Personal information
- Nationality: German
- Born: Regina Halmich 22 November 1976 (age 49) Karlsruhe, West Germany
- Height: 5 ft 3 in (160 cm)
- Weight: Light Flyweight; Flyweight; Super Flyweight;

Boxing career
- Stance: Orthodox

Boxing record
- Total fights: 56
- Wins: 54
- Win by KO: 16
- Losses: 1
- Draws: 1
- No contests: 0

= Regina Halmich =

German boxer

Regina Halmich (born 22 November 1976) is a German former professional boxer. She is among the most successful female boxers of all time and helped popularise female boxing in Europe.

==Amateur career==
Halmich was German champion in kickboxing as an amateur in 1992, 1993, and 1994, a year in which she also earned the European title.

==Professional career==
As a professional, she has boxed in the Jr. Flyweight, Flyweight, Jr. Bantamweight, Bantamweight and Featherweight divisions. Halmich was the WIBF's world champion in the Jr. Flyweight, Flyweight and Super Flyweight divisions. Halmich made her professional debut on 4 March 1994, in her hometown of Karlsruhe, defeating Fienie Klee of the Netherlands.

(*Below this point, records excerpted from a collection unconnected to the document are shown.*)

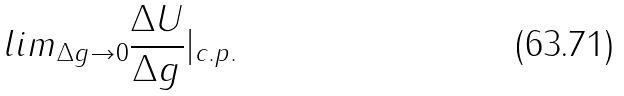Convert formula to latex. <formula><loc_0><loc_0><loc_500><loc_500>l i m _ { \Delta g \rightarrow 0 } \frac { \Delta U } { \Delta g } | _ { c . p . }</formula> 
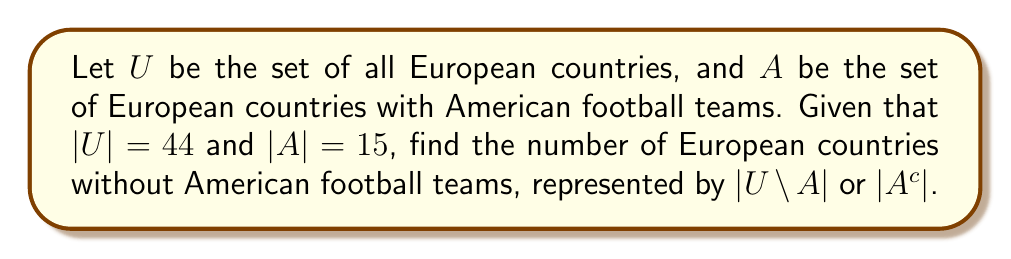What is the answer to this math problem? To solve this problem, we'll use the concept of set complement and basic set theory principles:

1) The complement of set $A$ with respect to the universal set $U$ is denoted as $A^c$ or $U \setminus A$.

2) A fundamental property of set theory states that for any set $A$ in a universal set $U$:

   $$|U| = |A| + |A^c|$$

3) We're given that:
   - $|U| = 44$ (total number of European countries)
   - $|A| = 15$ (number of European countries with American football teams)

4) Substituting these values into the equation from step 2:

   $$44 = 15 + |A^c|$$

5) Solving for $|A^c|$:

   $$|A^c| = 44 - 15 = 29$$

Therefore, there are 29 European countries without American football teams.
Answer: $|A^c| = 29$ 
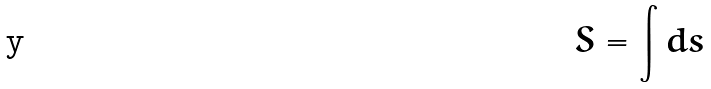<formula> <loc_0><loc_0><loc_500><loc_500>S = \int d s</formula>

Regina Halmich has defeated several quality boxers during her career. She defended her Flyweight title with success against Delia Gonzalez, Yvonne Caples, Johanna Peña-Álvarez and numerous others, once only with a draw against Elena Reid. She also faced Daisy Lang, against whom she won in a fight for the vacant IWBF world Super Flyweight title.

On 15 January 2005, she defeated Marylin Hernandez by a ten-round unanimous decision defending the world Flyweight title. On 16 April 2005 she also defeated Hollie Dunaway in ten rounds defending her title. In her 50th professional fight, she defended the title against María Jesús Rosa Reina from Spain. She held the title for more than ten years. In December 2005 she won the rematch against Elena Reid.

On 9 September 2006, Halmich won her 53rd pro fight, defeating Ria Ramnarine of Trinidad and Tobago by TKO in the sixth round. Her pro boxing record now stands at 52 wins, 1 loss and 1 draw.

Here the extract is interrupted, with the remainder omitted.